冷徹部長の溺愛の餌食になりました
「私のこと、嫌いになってないんですか……?弱みに付け込んで、本当のこと隠してたのに」
ネックレスを手のひらにぎゅっと握って問いかけると、久我さんは小さく首を横に振る。
「嫌いになんてなってない。……顔もまともに見られなかったのは、自分に対する不甲斐なさのせいだ」
不甲斐なさ……って、なにに対して?
意味がわからずその言葉の続きを待つと、久我さんは悲しげに細めた目で私を見つめた。
「霧崎はあれだけ一途に気持ちを伝えてくれていたのに、ずっとあんな気持ちを抱えていたんだな。
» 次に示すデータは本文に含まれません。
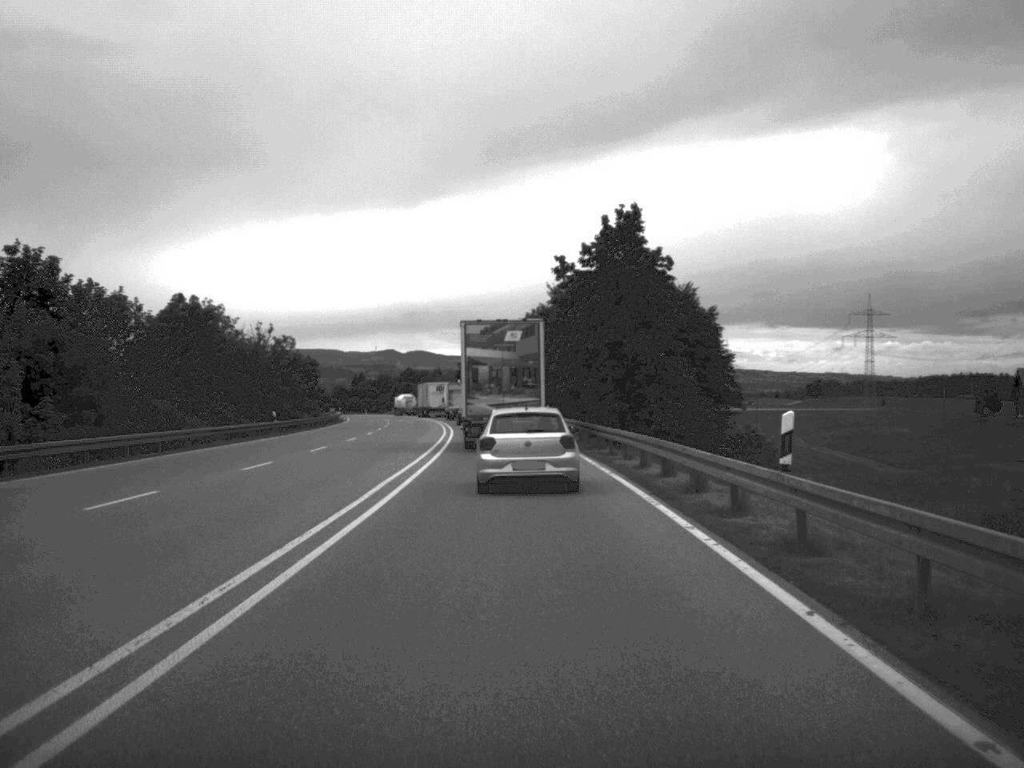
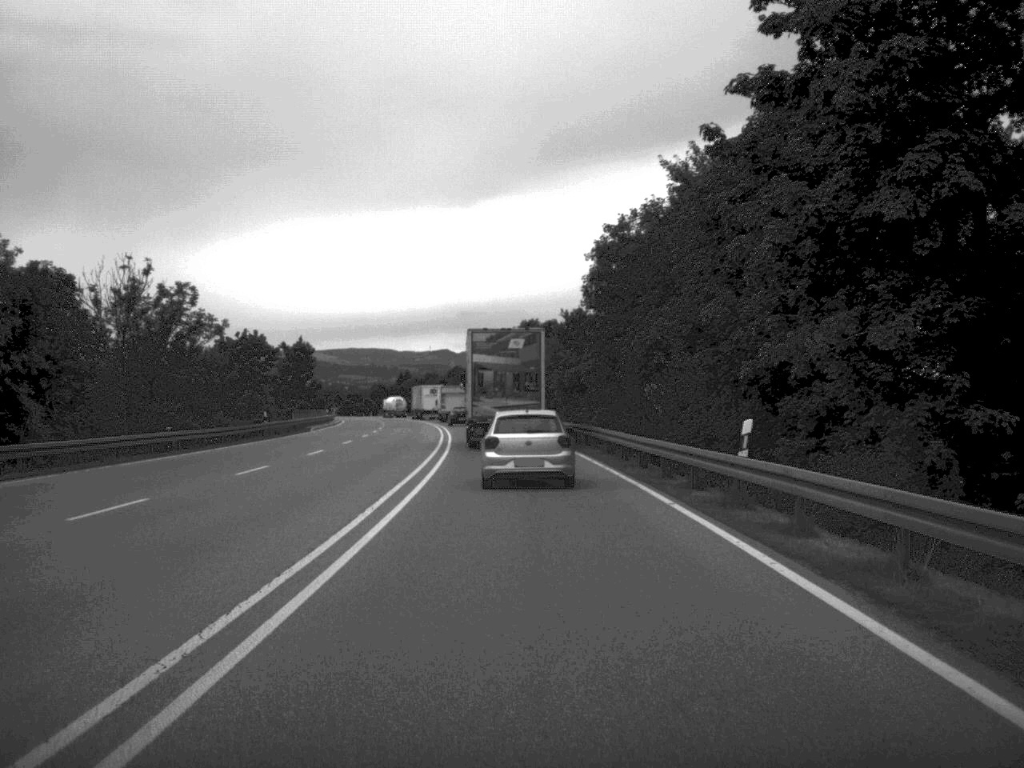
(-1.2, +49.1) m; -3°
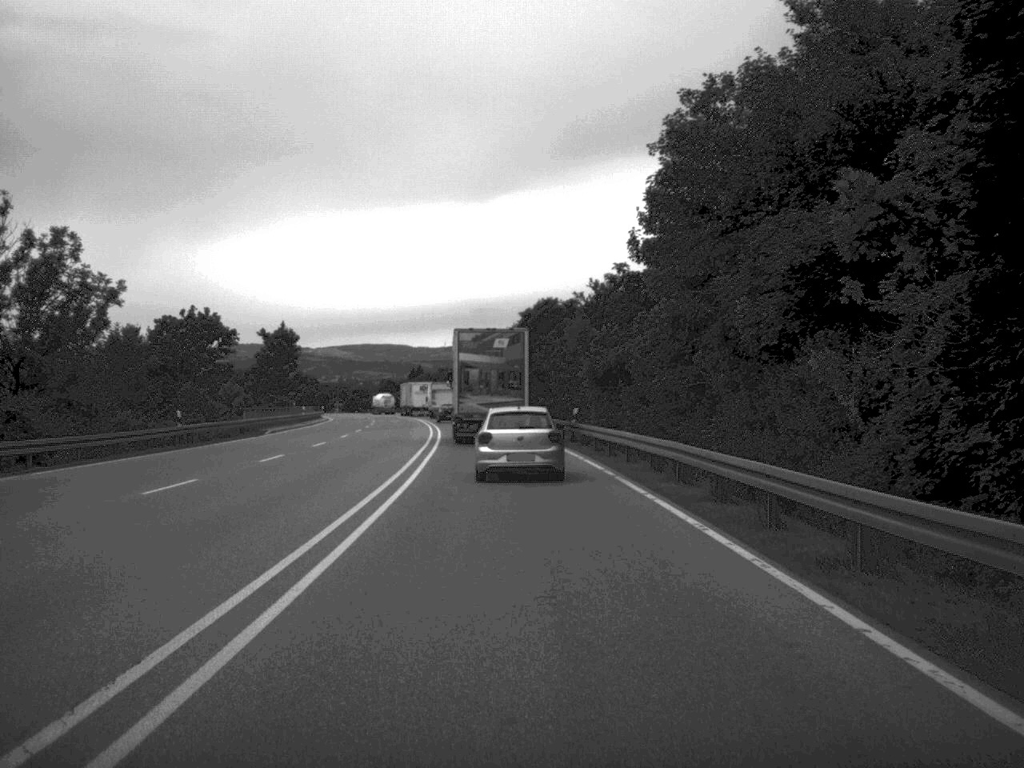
(-0.1, +19.1) m; -1°
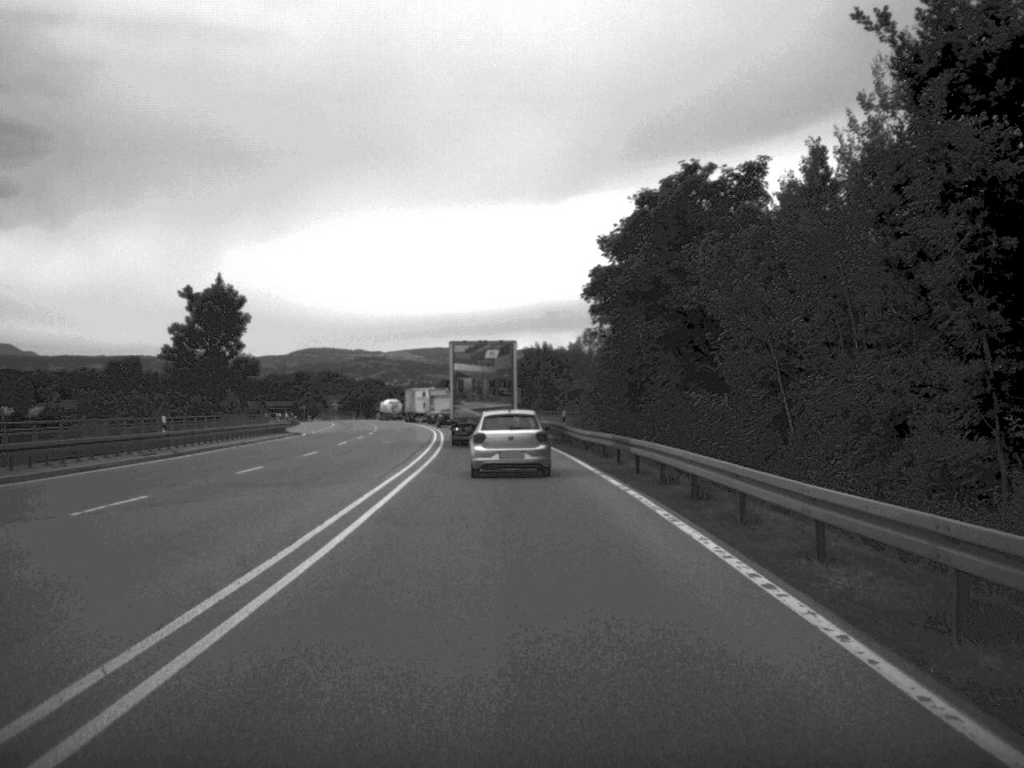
(-1.4, +50.3) m; -3°
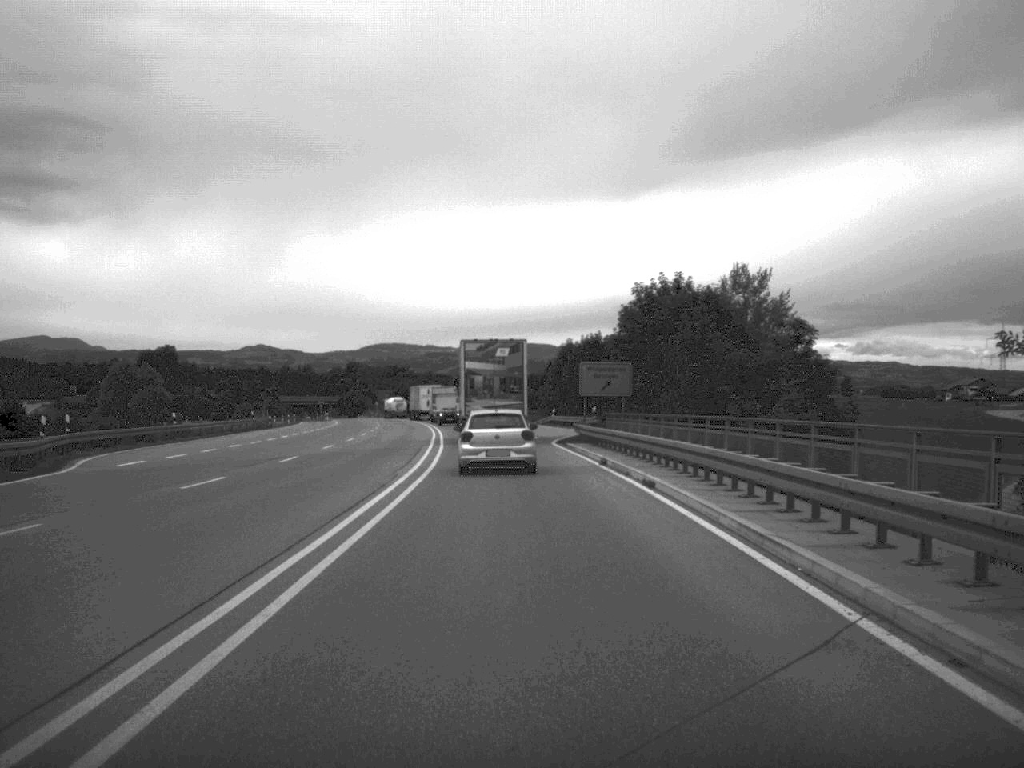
(-1.7, +54.0) m; -3°
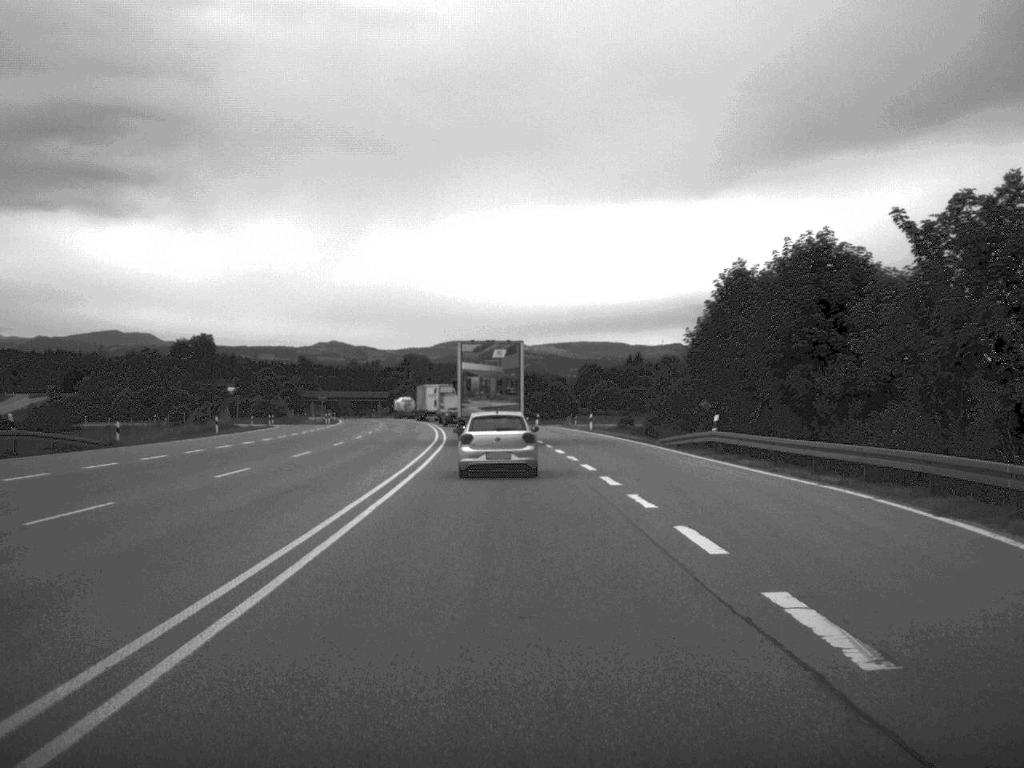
(-1.6, +55.1) m; -4°
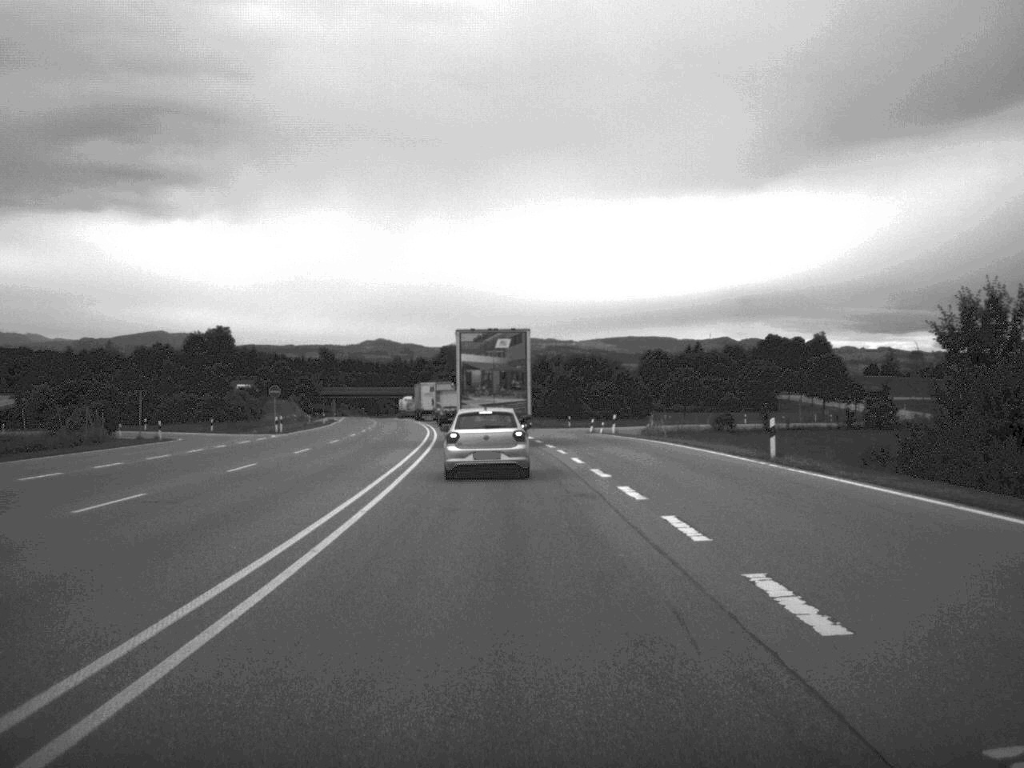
(-1.0, +45.2) m; -2°

なのに、気づけなくてごめん」
『ごめん』、そう口にした彼は「でも」と言葉を続ける。
「ひとつ言っておく。あの日俺が抱いたのは他の誰でもない霧崎だ。霧崎だから、触れたいと思ったんだよ」
彼女の代わりなんかじゃなく、私だから。あの日彼は触れて、抱きしめてくれた。
そんな、夢みたいなことを言ってもらえるなんて信じられない。
だって、久我さんの好きな人は……。
「だって……久我さんは、小宮山さんを好きなんじゃないんですか?」
涙をこぼしながらたずねると、久我さんは苦笑いをみせる。
「まずそのことだけど、ないから」
「だってあの時、『りさ』って呼んでたじゃないですか!」
「はぁ?そんなわけないだろ、俺は確かに『霧崎』って呼んだ。呂律が回ってたかは自信ないけど、呼んだことは覚えてる」
『霧崎』って、私を呼んだ?
だってあの時久我さんはたしかに『りさ』って……
霧崎、きりさき……
『……りさ……』
って、そういうこと!?
ただ呂律が回っていなかっただけで、久我さんは最初から私のことを呼んでくれていて……全て勘違いだったのだと知って拍子抜けしてしまう。